LUV DEM TIGERS said:


> I use Monogram Wizard Plus also. They do have a "Party Time" font that is like Curlz truetype font but it is a lot bolder.


I'm not familiar with the Party Time font, I'll go check it out. Is this a font pack you can order in addition to what comes with Mono. Wiz?Sandy


----------



## LUV DEM TIGERS (Jul 25, 2008)

Yes, it is Alpha Pack 1 You can find it on this site.

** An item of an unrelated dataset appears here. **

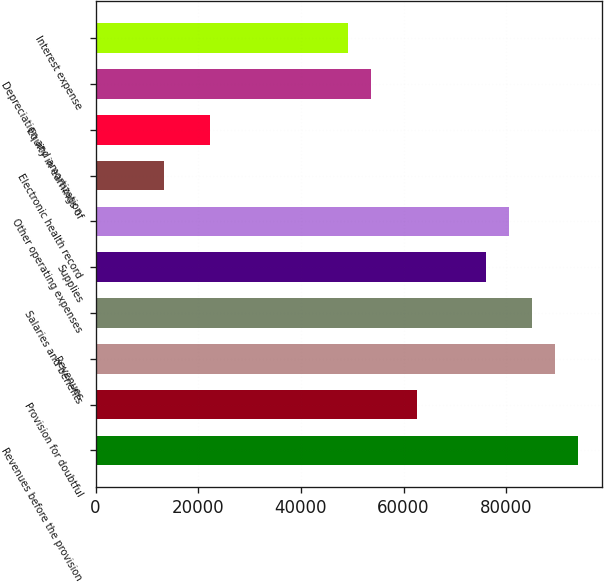Convert chart. <chart><loc_0><loc_0><loc_500><loc_500><bar_chart><fcel>Revenues before the provision<fcel>Provision for doubtful<fcel>Revenues<fcel>Salaries and benefits<fcel>Supplies<fcel>Other operating expenses<fcel>Electronic health record<fcel>Equity in earnings of<fcel>Depreciation and amortization<fcel>Interest expense<nl><fcel>93964.3<fcel>62644.2<fcel>89490<fcel>85015.7<fcel>76067.1<fcel>80541.4<fcel>13426.9<fcel>22375.5<fcel>53695.6<fcel>49221.3<nl></chart>

Alpha Paks for Monogram Wizard and Monogram Wizard Plus : Monogram Wizard & Monogram Wizard Plus Monogram Software

If you order it, they ship it the same day or next day. It is a CD and you have to load it and then when you open your program it will ask for the serial number that came with your disk. Also another that I use a lot is the Master Circle which is in Alpha Pack 14

Cotillion in Alpha Pack 17 is like a fishtail font.


----------



## Unhappy Purchase (Jan 30, 2009)

I have had some issues with letters in this software (new release Natural Oval & Natural Diamond) - I contacted software creator Needleheads. They provided no support and blamed everything on my machine. I could not get them to understand some letters work in certain positions. For instance, the M on the right hand side does not stitch out correctly but it does when in left and middle positions. Now I see why there is No satisfaction or warranty on their product. Most digitizers attempt to remedy issues Needleheads does not. I recommend Apex or Eagle or any other digitizer who stands behind their product and does not blame issues on a machine that stitches out other letters and software perfectly fine. Waste of Money.


----------